Where do I begin. Ok, first of all let me explain to you what you're looking at. You're not looking at a stress color plot, you're looking at a displacement color plot. So remember that F = k*x and similarly M = k*phi, and since I'm torquing the car with the same forces and boundary conditions in both cases the ratio of the displacements is going to be equal to the ratio of the stiffness in the two cases. Got it?

Next, realize that the Finite Element Method takes care of all the internal forces stresses and strains by way of the interpolation function (element type) and by using any of a variety of methods, either the direct method (force balancing) or by using the method of minimum potential energy or galerkin's method, etc. For the end user it doesn't really matter, as long as your boundary conditions and your external loading is right, it'll all work out assuming you have no issues with the mesh. This why you usually mesh the thing multiple times until your solution converges.

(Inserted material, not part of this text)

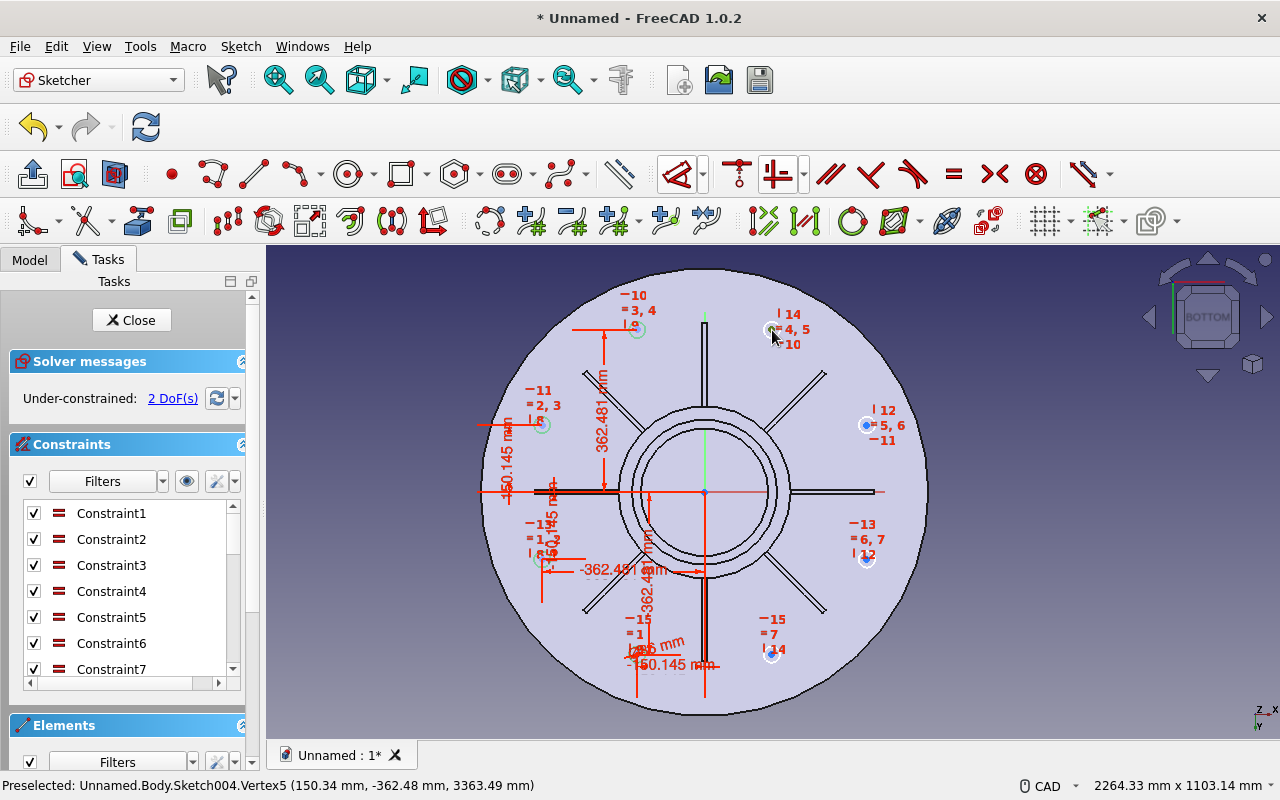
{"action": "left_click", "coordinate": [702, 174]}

So, unless you're trying to build an FEA model by hand or you're looking at it analytically, like I said...IT DOESN'T MATTER. The software, provided you're using it correctly, does it for you.

As far as the amount of material added and extra stiffness goes, like I said it probably has more to do with a change in bending moment of inertia. Just from looking at the pictures of the skeleton you can see that the frame has box beams in the coupe and a tube or cylindrical frame in the roadie. That can make a big difference in moment of inertia without changing the mass of the frame significantly.

Why do you think most buildings are made with I-beams? They have a high moment of inertia and they save weight.

Any other questions? Or should I give up?

Oh and sorry for the sarcasm...I tend to get that way when people argue with me and they don't really know what they're talking about. And if that offends you fine...but I'm an engineer and I know what I'm talking about it. And I get a little tired of defending my opinions from people who have a limited understand of mechanics.

[Dammmittt]

Quote:

Originally Posted by CalRick

If the additional stiffness that's being seen is not due to the roof and related changes, where is it coming from? Why would BMW provide additional stiffening elements to the coupe and not the roadster?

Considering all the additional structure that is typically added to a chop-top coupe to bring its stiffness back up into the neighborhood of an original coupe structure, (and how flexible most convertibles remain,) it's not incredible to figure that a simple roof-ectomy results in a 50ish % loss in stiffness prior to reinforcement.

See above.

And as far as why BMW does anything, I dunno, ask them.